A central crucible in this strange evolution of the American Right has been “the purge”—that is, the expulsion, often in an explicit fashion, of views or individuals deemed outside the boundaries of the official Right.

This volume does not constitute a full chronicling of these purges, nor is it a collection of sob stories from the losing side, still less is it a plea for toleration of each and every viewpoint. It is, instead, an attempt at a phenomenological history of conservatism. It seeks to understand how its ideology (often euphemized as “timeless principles”) functioned within its historic context and how it responded to power, shifting conceptions of authority, and societal changes.

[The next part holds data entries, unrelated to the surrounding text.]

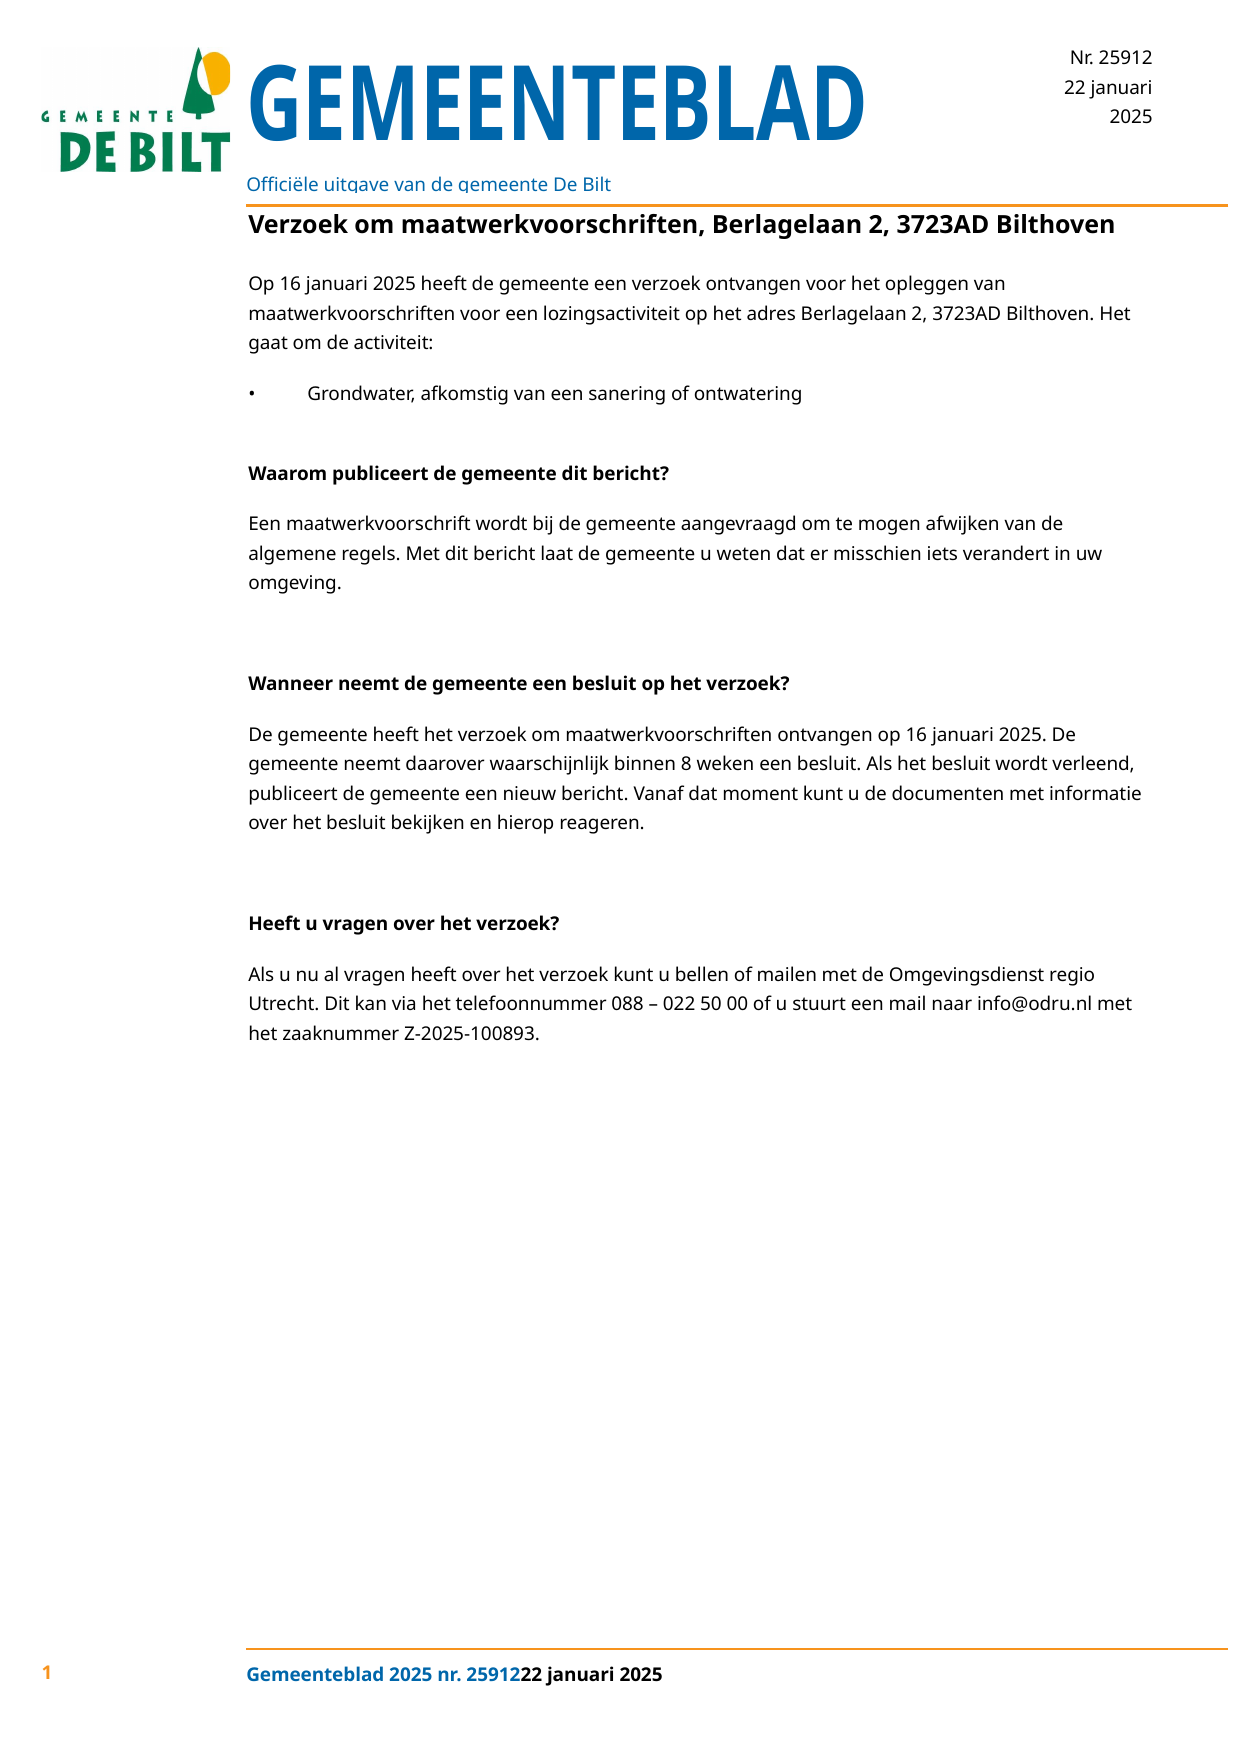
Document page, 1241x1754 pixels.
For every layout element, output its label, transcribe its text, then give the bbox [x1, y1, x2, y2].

text Wanneer neemt de gemeente een besluit op het verzoek? [248, 670, 1152, 696]
text Op 16 januari 2025 heeft de gemeente een verzoek ontvangen voor het opleggen van maatwerkvoorschriften voor een lozingsactiviteit op het adres Berlagelaan 2, 3723AD Bilthoven. Het gaat om de activiteit: [248, 270, 1152, 355]
list Grondwater, afkomstig van een sanering of ontwatering [248, 380, 1152, 406]
text Een maatwerkvoorschrift wordt bij de gemeente aangevraagd om te mogen afwijken van de algemene regels. Met dit bericht laat de gemeente u weten dat er misschien iets verandert in uw omgeving. [248, 510, 1152, 595]
text Verzoek om maatwerkvoorschriften, Berlagelaan 2, 3723AD Bilthoven [248, 207, 1152, 241]
text De gemeente heeft het verzoek om maatwerkvoorschriften ontvangen op 16 januari 2025. De gemeente neemt daarover waarschijnlijk binnen 8 weken een besluit. Als het besluit wordt verleend, publiceert de gemeente een nieuw bericht. Vanaf dat moment kunt u de documenten met informatie over het besluit bekijken en hierop reageren. [248, 721, 1152, 835]
text Als u nu al vragen heeft over het verzoek kunt u bellen of mailen met de Omgevingsdienst regio Utrecht. Dit kan via het telefoonnummer 088 – 022 50 00 of u stuurt een mail naar info@odru.nl met het zaaknummer Z-2025-100893. [248, 961, 1152, 1046]
text Waarom publiceert de gemeente dit bericht? [248, 460, 1152, 486]
text Heeft u vragen over het verzoek? [248, 910, 1152, 936]
picture [41, 47, 231, 172]

Through the purges-specifically, through the logic of the purges—we can glimpse what conservatism is not, those aspects of itself it has attempted to deny, mask, leave behind, and forget, and the ways in which memories can be reconstructed around new orthodoxies.





Footnotes

  1. According to a Gallup telephone poll, 38 percent of the public self-identify as “conservative”; 34 percent consider themselves “moderate”; and 23 percent, “liberal.” In the early ‘90s, “conservative” achieved a popularity of 43 percent. In turn, “liberal” has, over the past 20 years, advanced from 17 to almost a quarter of the population. Jeffrey M. Jones, “Liberal Self-Identification Edges Up to New High in 2013,” Gallup January 10, 2014, accessed January 15, 2015, http://www.gallup.com/poll/166787/liberal-self-identification-edges-new-high-2013.aspx.
  2. From George W. Bush’s Second Inaugural Address (Washington, DC, January 20, 2005):

    That edifice of character is built in families, supported by communities with standards, and sustained in our national life by the truths of Sinai, the Sermon on the Mount, the words of the Koran, and the varied faiths of our people. Americans move forward in every generation by reaffirming all that is good and true that came before—ideals of justice and conduct that are the same yesterday, today, and forever. (Accessed January 15, 2015, http://www.npr.org/templates/story/story.php?storyId=4460172.)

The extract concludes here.